### Stored entries
- Opening Delimiter -

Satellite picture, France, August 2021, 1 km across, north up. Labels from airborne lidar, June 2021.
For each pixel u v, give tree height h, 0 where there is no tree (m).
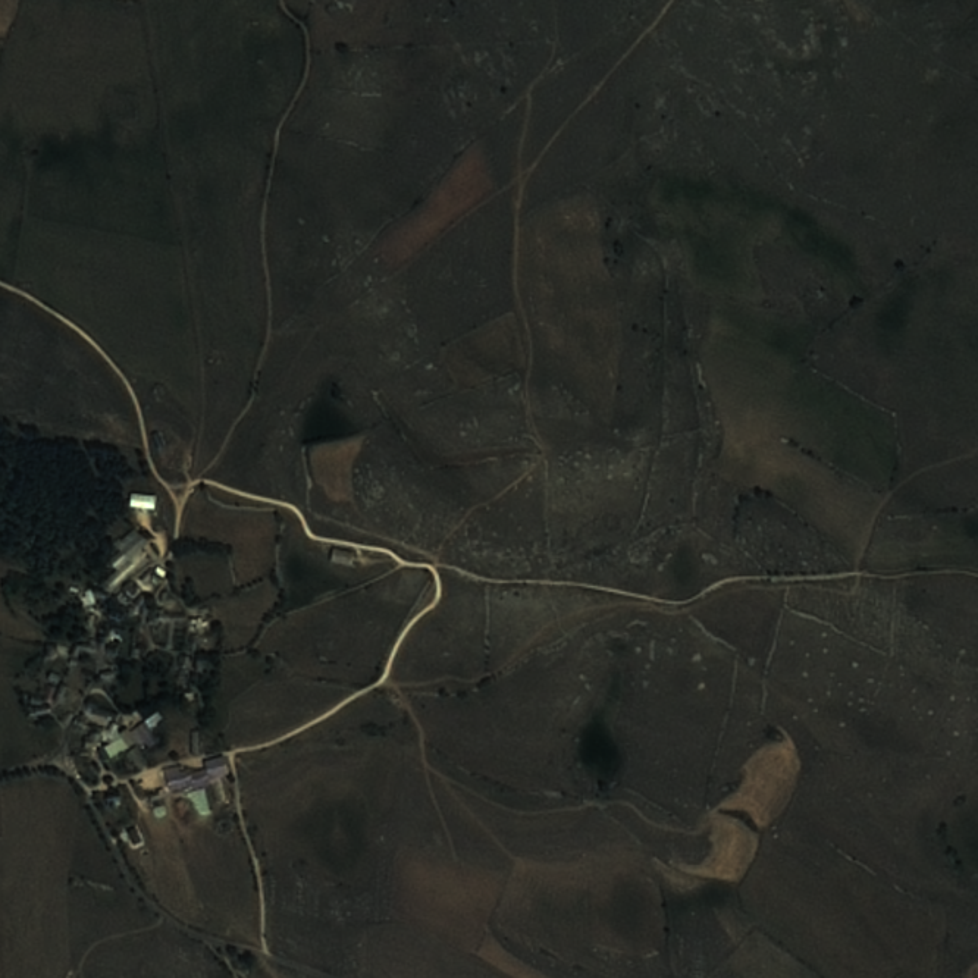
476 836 0
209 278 0
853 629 0
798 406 0
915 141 0
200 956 0
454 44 0
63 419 0
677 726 0
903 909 0
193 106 0
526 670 0
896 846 0
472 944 0
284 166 0
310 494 0
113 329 0
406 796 0
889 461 0
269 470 0
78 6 0
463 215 0
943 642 0
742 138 0
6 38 0
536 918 0
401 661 0
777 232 0
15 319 0
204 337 0
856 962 0
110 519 13
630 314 0
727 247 0
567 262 0
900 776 0
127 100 0
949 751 0
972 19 0
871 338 0
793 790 0
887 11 0
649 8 0
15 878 0
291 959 0
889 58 0
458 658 0
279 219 0
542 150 0
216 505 0
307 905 0
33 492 22
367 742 0
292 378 0
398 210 0
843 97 0
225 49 0
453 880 0
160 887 0
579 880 0
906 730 0
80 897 0
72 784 10
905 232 0
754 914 0
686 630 0
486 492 0
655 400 0
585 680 0
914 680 0
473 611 0
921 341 0
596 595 0
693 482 0
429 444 0
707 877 0
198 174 0
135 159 0
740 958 0
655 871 0
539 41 0
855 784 0
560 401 0
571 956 0
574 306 0
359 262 0
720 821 0
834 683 0
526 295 0
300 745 0
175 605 0
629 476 0
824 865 0
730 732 0
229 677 0
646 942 0
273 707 0
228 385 0
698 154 0
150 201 0
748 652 0
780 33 0
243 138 0
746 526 0
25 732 0
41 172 0
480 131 0
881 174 0
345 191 0
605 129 0
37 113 0
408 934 0
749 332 0
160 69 0
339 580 0
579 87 0
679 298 0
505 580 0
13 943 0
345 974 0
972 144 0
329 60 0
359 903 0
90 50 0
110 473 12
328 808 0
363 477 0
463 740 0
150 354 0
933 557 0
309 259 0
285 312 0
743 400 0
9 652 0
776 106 0
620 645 0

- Closing Delimiter -

### PROBLEM DESCRIPTION
What you return must be the entries above, exactly as they appear, without any pictures.

### SOLVED EXERCISE
Satellite picture, France, August 2021, 1 km across, north up. Labels from airborne lidar, June 2021.
For each pixel u v, give tree height h, 0 where there is no tree (m).
476 836 0
209 278 0
853 629 0
798 406 0
915 141 0
200 956 0
454 44 0
63 419 0
677 726 0
903 909 0
193 106 0
526 670 0
896 846 0
472 944 0
284 166 0
310 494 0
113 329 0
406 796 0
889 461 0
269 470 0
78 6 0
463 215 0
943 642 0
742 138 0
6 38 0
536 918 0
401 661 0
777 232 0
15 319 0
204 337 0
856 962 0
110 519 13
630 314 0
727 247 0
567 262 0
900 776 0
127 100 0
949 751 0
972 19 0
871 338 0
793 790 0
887 11 0
649 8 0
15 878 0
291 959 0
889 58 0
458 658 0
279 219 0
542 150 0
216 505 0
307 905 0
33 492 22
367 742 0
292 378 0
398 210 0
843 97 0
225 49 0
453 880 0
160 887 0
579 880 0
906 730 0
80 897 0
72 784 10
905 232 0
754 914 0
686 630 0
486 492 0
655 400 0
585 680 0
914 680 0
473 611 0
921 341 0
596 595 0
693 482 0
429 444 0
707 877 0
198 174 0
135 159 0
740 958 0
655 871 0
539 41 0
855 784 0
560 401 0
571 956 0
574 306 0
359 262 0
720 821 0
834 683 0
526 295 0
300 745 0
175 605 0
629 476 0
824 865 0
730 732 0
229 677 0
646 942 0
273 707 0
228 385 0
698 154 0
150 201 0
748 652 0
780 33 0
243 138 0
746 526 0
25 732 0
41 172 0
480 131 0
881 174 0
345 191 0
605 129 0
37 113 0
408 934 0
749 332 0
160 69 0
339 580 0
579 87 0
679 298 0
505 580 0
13 943 0
345 974 0
972 144 0
329 60 0
359 903 0
90 50 0
110 473 12
328 808 0
363 477 0
463 740 0
150 354 0
933 557 0
309 259 0
285 312 0
743 400 0
9 652 0
776 106 0
620 645 0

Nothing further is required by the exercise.